What is needed. Filter these entries, keeping only lines that hold the word "rotate".

======== Dataset records

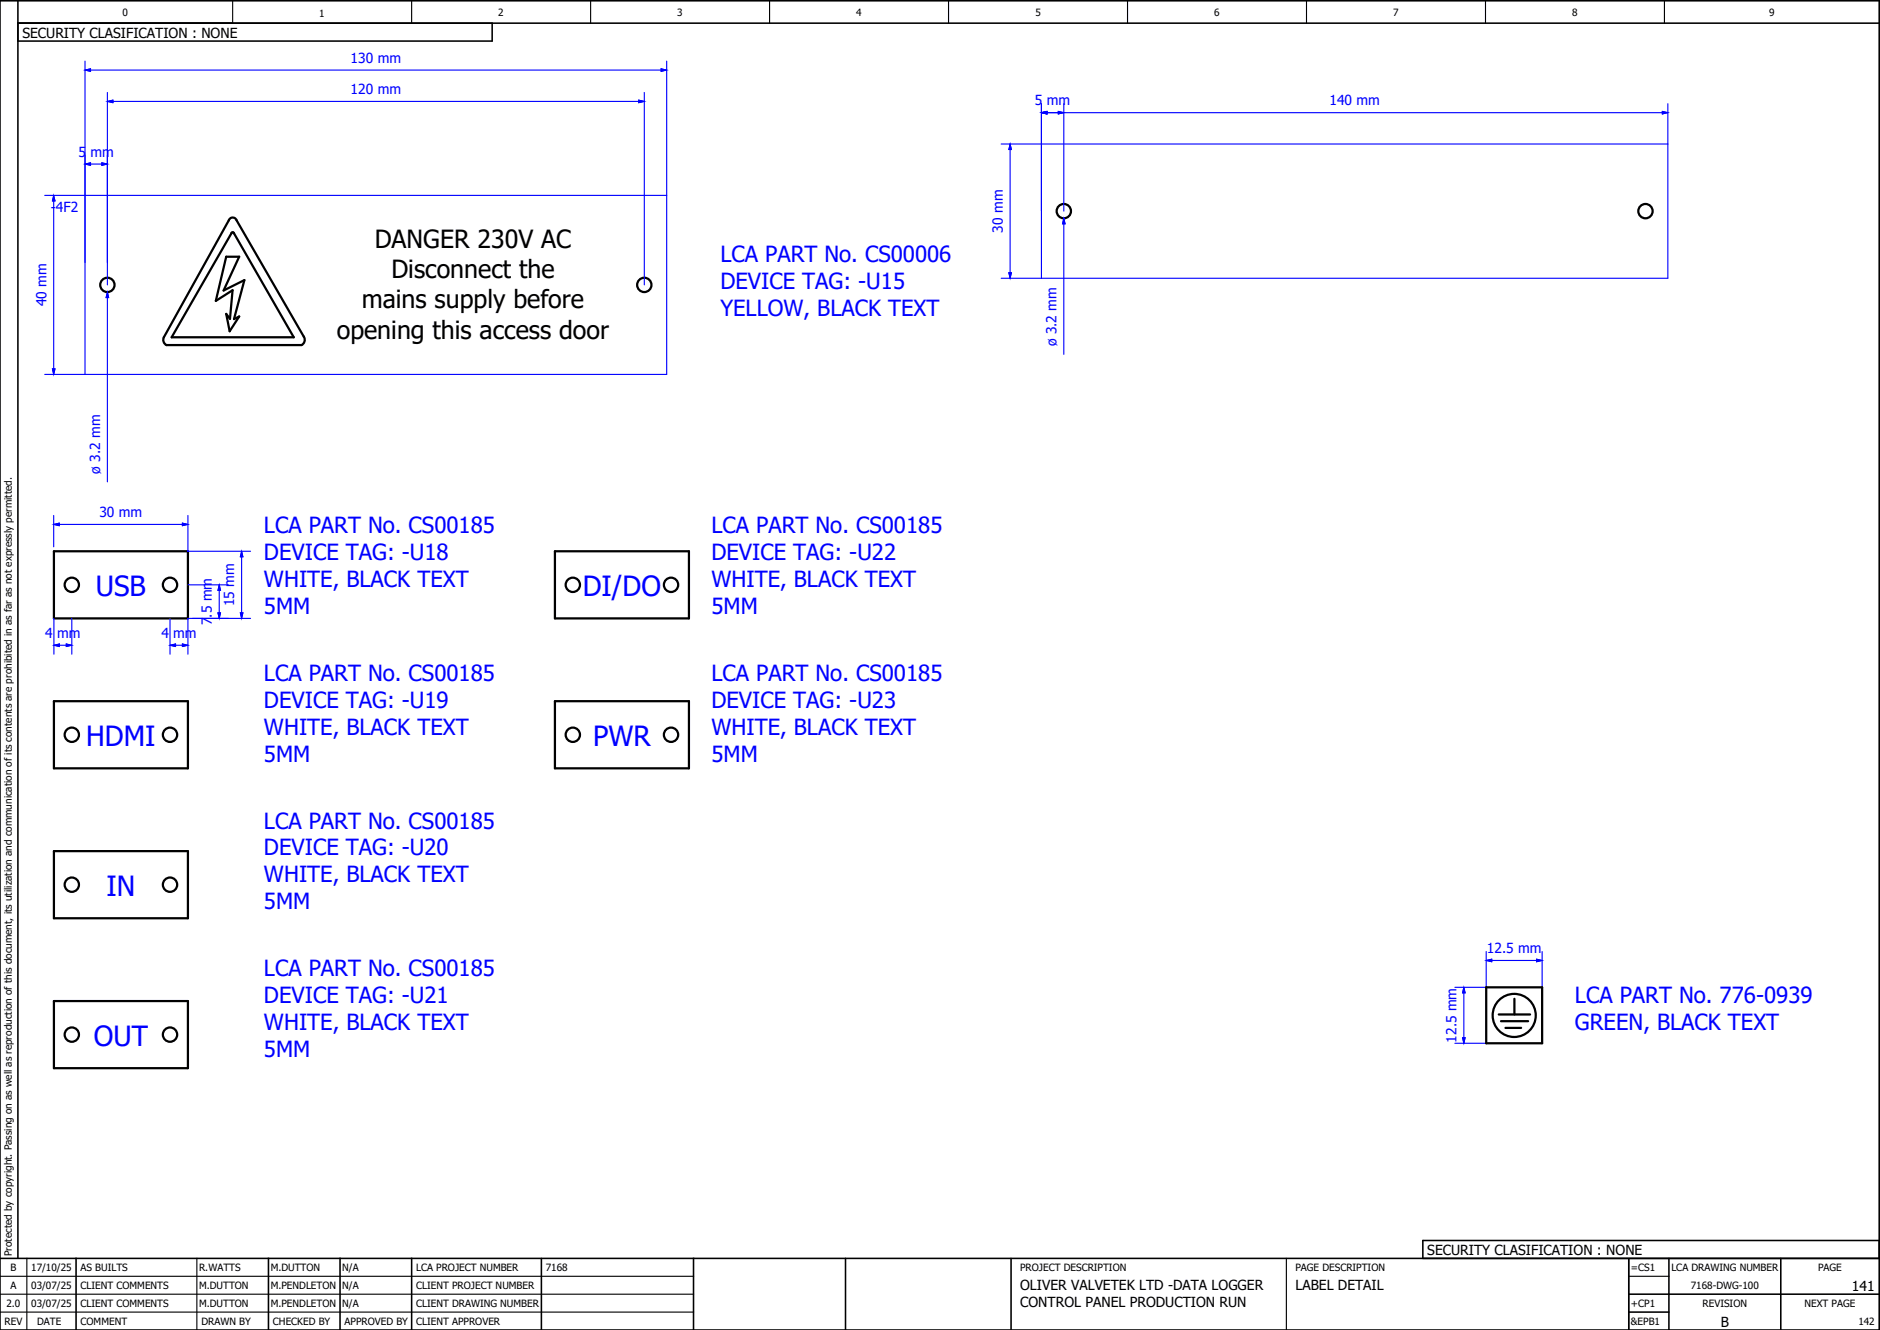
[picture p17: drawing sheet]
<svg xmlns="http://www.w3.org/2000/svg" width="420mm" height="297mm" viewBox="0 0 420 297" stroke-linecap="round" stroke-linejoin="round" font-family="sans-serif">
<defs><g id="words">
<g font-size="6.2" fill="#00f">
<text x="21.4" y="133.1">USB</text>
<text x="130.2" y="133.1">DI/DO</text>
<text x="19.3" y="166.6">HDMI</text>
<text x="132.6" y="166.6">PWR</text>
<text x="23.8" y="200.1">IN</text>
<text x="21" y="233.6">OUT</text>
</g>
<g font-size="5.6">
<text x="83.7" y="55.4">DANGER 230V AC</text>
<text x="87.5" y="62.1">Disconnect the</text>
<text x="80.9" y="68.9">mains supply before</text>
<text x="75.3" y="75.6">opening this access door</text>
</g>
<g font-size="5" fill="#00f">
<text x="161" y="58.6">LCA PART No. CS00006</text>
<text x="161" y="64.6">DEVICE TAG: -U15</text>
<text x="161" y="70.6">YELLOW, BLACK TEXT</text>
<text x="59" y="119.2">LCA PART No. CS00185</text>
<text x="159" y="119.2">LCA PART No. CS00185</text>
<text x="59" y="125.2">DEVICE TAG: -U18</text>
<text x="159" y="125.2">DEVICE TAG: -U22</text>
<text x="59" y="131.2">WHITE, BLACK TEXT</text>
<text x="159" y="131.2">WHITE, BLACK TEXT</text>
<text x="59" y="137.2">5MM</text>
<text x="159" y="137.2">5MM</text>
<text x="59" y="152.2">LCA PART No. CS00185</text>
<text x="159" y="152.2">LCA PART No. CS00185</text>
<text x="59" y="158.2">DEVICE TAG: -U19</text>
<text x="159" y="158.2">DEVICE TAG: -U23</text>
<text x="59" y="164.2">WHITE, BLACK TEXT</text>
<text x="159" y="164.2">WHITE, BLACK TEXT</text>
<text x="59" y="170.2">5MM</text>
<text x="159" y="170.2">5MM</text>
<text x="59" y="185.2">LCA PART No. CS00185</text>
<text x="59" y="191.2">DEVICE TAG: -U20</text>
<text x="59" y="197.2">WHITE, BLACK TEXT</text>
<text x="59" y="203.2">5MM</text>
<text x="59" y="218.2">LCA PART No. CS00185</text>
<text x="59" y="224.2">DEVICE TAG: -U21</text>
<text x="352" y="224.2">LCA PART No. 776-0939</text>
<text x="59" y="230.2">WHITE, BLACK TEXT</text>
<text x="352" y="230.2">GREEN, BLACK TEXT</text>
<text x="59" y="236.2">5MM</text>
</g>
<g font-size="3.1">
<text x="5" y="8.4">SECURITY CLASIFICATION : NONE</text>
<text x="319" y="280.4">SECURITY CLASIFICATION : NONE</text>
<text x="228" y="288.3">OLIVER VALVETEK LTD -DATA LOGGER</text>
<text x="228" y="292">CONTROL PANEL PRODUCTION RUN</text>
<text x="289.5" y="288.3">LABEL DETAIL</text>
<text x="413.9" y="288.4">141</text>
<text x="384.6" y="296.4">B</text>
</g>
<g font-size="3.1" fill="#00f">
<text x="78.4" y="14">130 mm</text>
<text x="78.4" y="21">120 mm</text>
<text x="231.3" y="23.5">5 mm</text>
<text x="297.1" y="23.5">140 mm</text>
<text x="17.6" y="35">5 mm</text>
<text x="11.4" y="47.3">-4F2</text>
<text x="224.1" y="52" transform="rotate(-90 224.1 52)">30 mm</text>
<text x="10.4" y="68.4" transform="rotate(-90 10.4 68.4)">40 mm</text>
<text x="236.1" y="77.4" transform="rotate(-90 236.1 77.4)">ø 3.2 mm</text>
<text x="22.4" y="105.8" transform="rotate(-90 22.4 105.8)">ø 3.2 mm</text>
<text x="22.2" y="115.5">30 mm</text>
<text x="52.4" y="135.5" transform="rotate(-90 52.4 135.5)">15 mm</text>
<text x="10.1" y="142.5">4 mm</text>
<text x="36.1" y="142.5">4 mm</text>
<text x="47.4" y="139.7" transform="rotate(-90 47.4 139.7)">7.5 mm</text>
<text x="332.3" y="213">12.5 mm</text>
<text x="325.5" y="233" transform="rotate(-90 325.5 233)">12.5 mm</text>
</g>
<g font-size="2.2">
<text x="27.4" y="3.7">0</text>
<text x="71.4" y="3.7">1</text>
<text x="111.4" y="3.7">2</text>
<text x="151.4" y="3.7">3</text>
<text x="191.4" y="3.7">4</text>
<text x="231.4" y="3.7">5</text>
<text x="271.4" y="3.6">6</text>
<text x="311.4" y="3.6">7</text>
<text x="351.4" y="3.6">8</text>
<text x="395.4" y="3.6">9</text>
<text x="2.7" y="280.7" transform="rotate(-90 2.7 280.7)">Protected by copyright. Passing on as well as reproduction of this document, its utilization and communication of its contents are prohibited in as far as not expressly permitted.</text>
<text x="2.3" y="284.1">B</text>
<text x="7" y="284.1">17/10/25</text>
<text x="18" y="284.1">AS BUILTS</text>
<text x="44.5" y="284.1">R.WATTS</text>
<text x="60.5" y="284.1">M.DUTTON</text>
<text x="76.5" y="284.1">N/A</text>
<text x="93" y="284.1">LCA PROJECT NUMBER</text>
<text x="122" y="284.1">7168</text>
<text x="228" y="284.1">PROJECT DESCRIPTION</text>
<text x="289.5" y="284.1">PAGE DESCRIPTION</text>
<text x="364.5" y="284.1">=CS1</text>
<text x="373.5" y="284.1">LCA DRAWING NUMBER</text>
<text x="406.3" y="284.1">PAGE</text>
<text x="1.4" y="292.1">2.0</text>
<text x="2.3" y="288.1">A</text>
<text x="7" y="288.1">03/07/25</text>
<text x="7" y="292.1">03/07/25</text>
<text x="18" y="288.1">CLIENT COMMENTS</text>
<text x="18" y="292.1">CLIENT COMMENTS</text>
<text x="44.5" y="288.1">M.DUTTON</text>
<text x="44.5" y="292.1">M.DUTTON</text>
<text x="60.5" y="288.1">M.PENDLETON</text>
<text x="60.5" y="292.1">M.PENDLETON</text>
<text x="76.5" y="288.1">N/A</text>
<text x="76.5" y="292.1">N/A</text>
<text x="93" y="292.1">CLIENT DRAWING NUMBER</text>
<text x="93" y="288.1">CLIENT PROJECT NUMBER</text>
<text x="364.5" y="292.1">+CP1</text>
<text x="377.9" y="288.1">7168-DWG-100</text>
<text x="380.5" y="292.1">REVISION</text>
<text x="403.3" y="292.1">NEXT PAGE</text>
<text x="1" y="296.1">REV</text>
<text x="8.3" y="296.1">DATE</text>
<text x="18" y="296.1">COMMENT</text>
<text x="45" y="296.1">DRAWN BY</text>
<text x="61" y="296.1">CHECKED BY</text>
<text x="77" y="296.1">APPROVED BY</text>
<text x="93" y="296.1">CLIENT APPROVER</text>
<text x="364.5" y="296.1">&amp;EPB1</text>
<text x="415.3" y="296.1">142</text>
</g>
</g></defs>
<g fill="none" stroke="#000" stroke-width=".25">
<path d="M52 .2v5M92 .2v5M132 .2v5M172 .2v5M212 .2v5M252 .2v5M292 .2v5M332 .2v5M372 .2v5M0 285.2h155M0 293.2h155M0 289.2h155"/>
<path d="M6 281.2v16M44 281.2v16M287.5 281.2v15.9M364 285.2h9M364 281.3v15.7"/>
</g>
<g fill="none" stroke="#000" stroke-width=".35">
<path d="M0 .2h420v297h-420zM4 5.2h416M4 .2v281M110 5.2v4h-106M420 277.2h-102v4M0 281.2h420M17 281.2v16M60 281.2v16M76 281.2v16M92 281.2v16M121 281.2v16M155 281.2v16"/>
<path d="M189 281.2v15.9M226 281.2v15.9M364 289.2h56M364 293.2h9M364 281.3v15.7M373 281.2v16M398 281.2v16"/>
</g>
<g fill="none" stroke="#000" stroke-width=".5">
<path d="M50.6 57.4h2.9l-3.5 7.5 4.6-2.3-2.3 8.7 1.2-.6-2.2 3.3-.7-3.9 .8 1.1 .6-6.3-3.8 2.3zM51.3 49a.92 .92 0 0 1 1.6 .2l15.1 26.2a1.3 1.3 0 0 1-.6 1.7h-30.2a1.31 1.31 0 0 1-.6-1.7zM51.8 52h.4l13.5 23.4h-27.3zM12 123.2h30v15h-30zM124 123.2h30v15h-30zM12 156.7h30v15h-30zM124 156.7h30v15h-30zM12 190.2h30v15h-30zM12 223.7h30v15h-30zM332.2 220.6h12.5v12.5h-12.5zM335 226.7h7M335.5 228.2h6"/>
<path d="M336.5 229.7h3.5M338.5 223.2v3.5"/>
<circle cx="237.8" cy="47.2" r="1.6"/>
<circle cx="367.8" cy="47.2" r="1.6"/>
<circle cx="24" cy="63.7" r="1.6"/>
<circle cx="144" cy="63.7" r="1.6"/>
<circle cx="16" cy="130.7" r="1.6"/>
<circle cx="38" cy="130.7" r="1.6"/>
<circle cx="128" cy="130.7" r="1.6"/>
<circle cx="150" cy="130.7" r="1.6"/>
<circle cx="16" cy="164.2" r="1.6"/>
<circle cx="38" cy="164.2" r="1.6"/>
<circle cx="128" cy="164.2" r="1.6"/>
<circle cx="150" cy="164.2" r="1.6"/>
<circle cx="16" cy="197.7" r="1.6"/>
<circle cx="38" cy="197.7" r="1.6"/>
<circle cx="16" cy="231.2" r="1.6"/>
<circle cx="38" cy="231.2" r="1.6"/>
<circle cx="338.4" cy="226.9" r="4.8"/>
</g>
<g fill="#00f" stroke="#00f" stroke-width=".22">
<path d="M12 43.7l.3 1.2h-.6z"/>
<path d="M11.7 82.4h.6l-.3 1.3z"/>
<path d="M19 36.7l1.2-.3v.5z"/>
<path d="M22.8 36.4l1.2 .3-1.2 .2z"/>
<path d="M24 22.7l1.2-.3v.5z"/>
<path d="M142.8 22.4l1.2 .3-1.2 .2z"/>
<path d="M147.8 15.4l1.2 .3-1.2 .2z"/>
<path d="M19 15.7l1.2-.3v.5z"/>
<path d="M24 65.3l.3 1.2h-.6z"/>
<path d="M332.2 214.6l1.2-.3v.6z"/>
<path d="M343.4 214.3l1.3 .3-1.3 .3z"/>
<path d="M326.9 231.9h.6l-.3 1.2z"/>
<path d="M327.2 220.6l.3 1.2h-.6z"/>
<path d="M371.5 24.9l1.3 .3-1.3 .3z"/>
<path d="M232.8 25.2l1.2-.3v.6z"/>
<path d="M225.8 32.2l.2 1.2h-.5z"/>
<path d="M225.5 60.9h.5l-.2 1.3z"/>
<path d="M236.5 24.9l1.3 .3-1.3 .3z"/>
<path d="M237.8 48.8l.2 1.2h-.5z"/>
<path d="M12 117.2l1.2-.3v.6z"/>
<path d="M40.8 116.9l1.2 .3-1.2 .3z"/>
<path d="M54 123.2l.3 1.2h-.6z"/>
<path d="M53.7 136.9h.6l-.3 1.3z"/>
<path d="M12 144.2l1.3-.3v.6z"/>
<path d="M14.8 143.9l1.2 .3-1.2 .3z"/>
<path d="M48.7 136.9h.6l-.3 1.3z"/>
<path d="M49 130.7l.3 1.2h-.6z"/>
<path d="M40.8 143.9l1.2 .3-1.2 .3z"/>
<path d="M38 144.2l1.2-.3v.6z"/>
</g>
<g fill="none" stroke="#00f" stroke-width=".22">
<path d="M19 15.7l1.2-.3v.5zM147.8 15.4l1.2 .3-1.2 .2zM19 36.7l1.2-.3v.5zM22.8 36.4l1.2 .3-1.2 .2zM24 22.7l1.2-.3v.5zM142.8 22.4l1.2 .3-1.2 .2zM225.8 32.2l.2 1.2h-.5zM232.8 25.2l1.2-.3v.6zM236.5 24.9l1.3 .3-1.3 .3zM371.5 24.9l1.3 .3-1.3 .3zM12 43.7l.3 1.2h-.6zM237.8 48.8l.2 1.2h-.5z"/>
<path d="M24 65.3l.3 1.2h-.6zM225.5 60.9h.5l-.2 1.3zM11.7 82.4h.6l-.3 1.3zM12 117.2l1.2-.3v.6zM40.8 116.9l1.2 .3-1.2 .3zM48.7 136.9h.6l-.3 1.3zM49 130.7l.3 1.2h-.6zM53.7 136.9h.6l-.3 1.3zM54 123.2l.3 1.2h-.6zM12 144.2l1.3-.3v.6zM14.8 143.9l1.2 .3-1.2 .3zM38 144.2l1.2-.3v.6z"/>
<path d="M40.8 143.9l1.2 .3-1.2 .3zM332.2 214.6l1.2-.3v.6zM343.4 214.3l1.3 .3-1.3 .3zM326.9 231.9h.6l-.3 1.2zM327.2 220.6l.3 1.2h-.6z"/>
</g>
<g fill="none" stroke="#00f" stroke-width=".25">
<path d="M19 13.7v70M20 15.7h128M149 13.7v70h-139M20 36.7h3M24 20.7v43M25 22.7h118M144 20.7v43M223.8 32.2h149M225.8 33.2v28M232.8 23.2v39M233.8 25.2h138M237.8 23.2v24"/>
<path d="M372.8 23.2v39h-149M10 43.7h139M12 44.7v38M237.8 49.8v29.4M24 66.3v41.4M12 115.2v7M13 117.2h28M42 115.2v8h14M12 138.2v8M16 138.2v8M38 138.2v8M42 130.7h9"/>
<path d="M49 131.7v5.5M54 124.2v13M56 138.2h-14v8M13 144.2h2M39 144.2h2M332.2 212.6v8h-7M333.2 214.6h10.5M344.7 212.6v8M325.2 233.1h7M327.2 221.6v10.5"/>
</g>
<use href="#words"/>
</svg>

================

Answer section.
<text x="224.1" y="52" transform="rotate(-90 224.1 52)">30 mm</text>
<text x="10.4" y="68.4" transform="rotate(-90 10.4 68.4)">40 mm</text>
<text x="236.1" y="77.4" transform="rotate(-90 236.1 77.4)">ø 3.2 mm</text>
<text x="22.4" y="105.8" transform="rotate(-90 22.4 105.8)">ø 3.2 mm</text>
<text x="52.4" y="135.5" transform="rotate(-90 52.4 135.5)">15 mm</text>
<text x="47.4" y="139.7" transform="rotate(-90 47.4 139.7)">7.5 mm</text>
<text x="325.5" y="233" transform="rotate(-90 325.5 233)">12.5 mm</text>
<text x="2.7" y="280.7" transform="rotate(-90 2.7 280.7)">Protected by copyright. Passing on as well as reproduction of this document, its utilization and communication of its contents are prohibited in as far as not expressly permitted.</text>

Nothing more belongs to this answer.